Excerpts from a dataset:
_ _ _ _ _
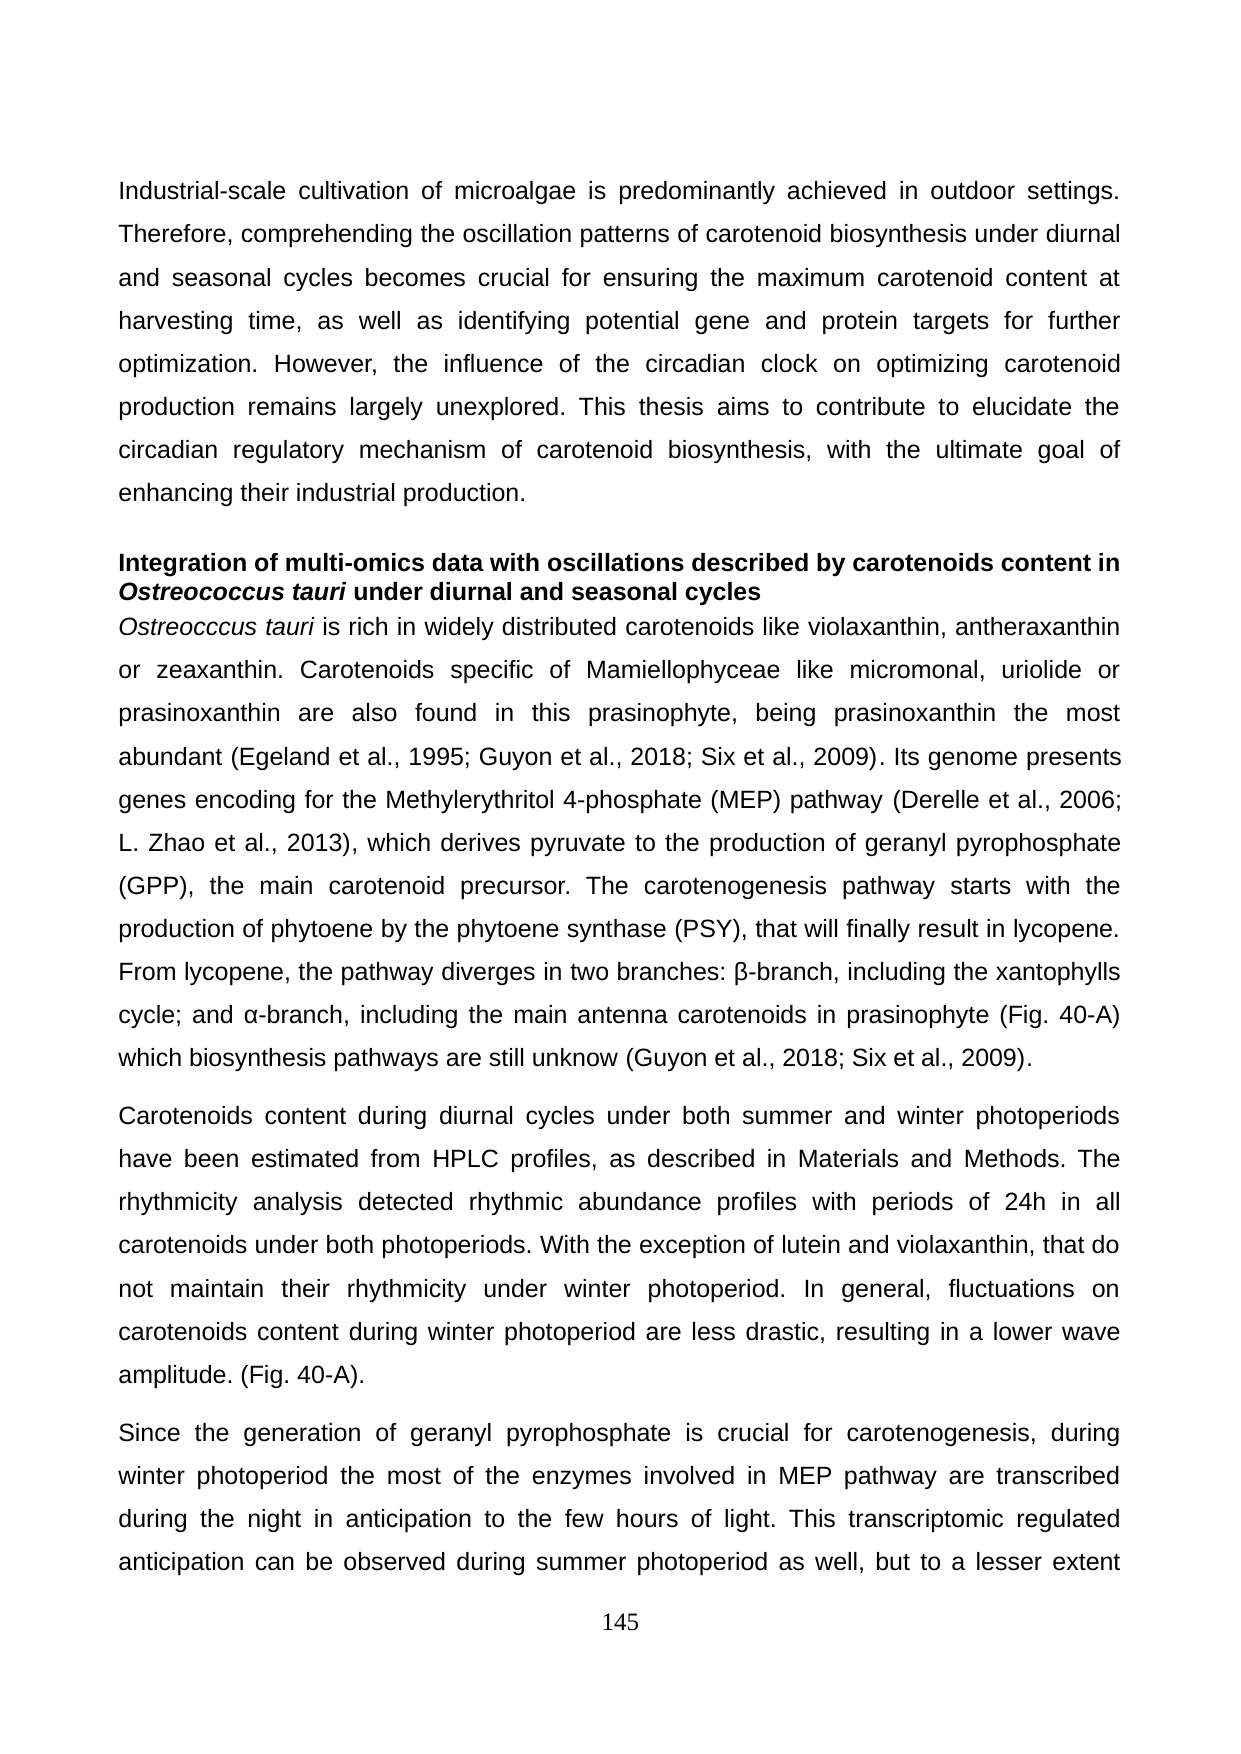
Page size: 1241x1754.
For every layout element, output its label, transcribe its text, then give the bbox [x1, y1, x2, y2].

subtitle Integration of multi-omics data with oscillations described by carotenoids content in Ostreococcus tauri under diurnal and seasonal cycles [118, 548, 1122, 606]
text Carotenoids content during diurnal cycles under both summer and winter photoperiods have been estimated from HPLC profiles, as described in Materials and Methods. The rhythmicity analysis detected rhythmic abundance profiles with periods of 24h in all carotenoids under both photoperiods. With the exception of lutein and violaxanthin, that do not maintain their rhythmicity under winter photoperiod. In general, fluctuations on carotenoids content during winter photoperiod are less drastic, resulting in a lower wave amplitude. (Fig. 40-A). [118, 1101, 1122, 1389]
text Industrial-scale cultivation of microalgae is predominantly achieved in outdoor settings. Therefore, comprehending the oscillation patterns of carotenoid biosynthesis under diurnal and seasonal cycles becomes crucial for ensuring the maximum carotenoid content at harvesting time, as well as identifying potential gene and protein targets for further optimization. However, the influence of the circadian clock on optimizing carotenoid production remains largely unexplored. This thesis aims to contribute to elucidate the circadian regulatory mechanism of carotenoid biosynthesis, with the ultimate goal of enhancing their industrial production. [118, 176, 1122, 507]
text Since the generation of geranyl pyrophosphate is crucial for carotenogenesis, during winter photoperiod the most of the enzymes involved in MEP pathway are transcribed during the night in anticipation to the few hours of light. This transcriptomic regulated anticipation can be observed during summer photoperiod as well, but to a lesser extent [118, 1418, 1122, 1576]
text Ostreocccus tauri is rich in widely distributed carotenoids like violaxanthin, antheraxanthin or zeaxanthin. Carotenoids specific of Mamiellophyceae like micromonal, uriolide or prasinoxanthin are also found in this prasinophyte, being prasinoxanthin the most abundant (Egeland et al., 1995; Guyon et al., 2018; Six et al., 2009)⁠. Its genome presents genes encoding for the Methylerythritol 4-phosphate (MEP) pathway (Derelle et al., 2006; L. Zhao et al., 2013)⁠, which derives pyruvate to the production of geranyl pyrophosphate (GPP), the main carotenoid precursor. The carotenogenesis pathway starts with the production of phytoene by the phytoene synthase (PSY), that will finally result in lycopene. From lycopene, the pathway diverges in two branches: β-branch, including the xantophylls cycle; and α-branch, including the main antenna carotenoids in prasinophyte (Fig. 40-A) which biosynthesis pathways are still unknow (Guyon et al., 2018; Six et al., 2009)⁠. [118, 612, 1122, 1072]
_ _ _ _ _
Work instruction: I'd like the lines above from the one with "For every layout" up to and including the one with "text Since the" copied exactly, with no other lines.

Written response:
For every layout element, output its label, transcribe its text, then give the bbox [x1, y1, x2, y2].

subtitle Integration of multi-omics data with oscillations described by carotenoids content in Ostreococcus tauri under diurnal and seasonal cycles [118, 548, 1122, 606]
text Carotenoids content during diurnal cycles under both summer and winter photoperiods have been estimated from HPLC profiles, as described in Materials and Methods. The rhythmicity analysis detected rhythmic abundance profiles with periods of 24h in all carotenoids under both photoperiods. With the exception of lutein and violaxanthin, that do not maintain their rhythmicity under winter photoperiod. In general, fluctuations on carotenoids content during winter photoperiod are less drastic, resulting in a lower wave amplitude. (Fig. 40-A). [118, 1101, 1122, 1389]
text Industrial-scale cultivation of microalgae is predominantly achieved in outdoor settings. Therefore, comprehending the oscillation patterns of carotenoid biosynthesis under diurnal and seasonal cycles becomes crucial for ensuring the maximum carotenoid content at harvesting time, as well as identifying potential gene and protein targets for further optimization. However, the influence of the circadian clock on optimizing carotenoid production remains largely unexplored. This thesis aims to contribute to elucidate the circadian regulatory mechanism of carotenoid biosynthesis, with the ultimate goal of enhancing their industrial production. [118, 176, 1122, 507]
text Since the generation of geranyl pyrophosphate is crucial for carotenogenesis, during winter photoperiod the most of the enzymes involved in MEP pathway are transcribed during the night in anticipation to the few hours of light. This transcriptomic regulated anticipation can be observed during summer photoperiod as well, but to a lesser extent [118, 1418, 1122, 1576]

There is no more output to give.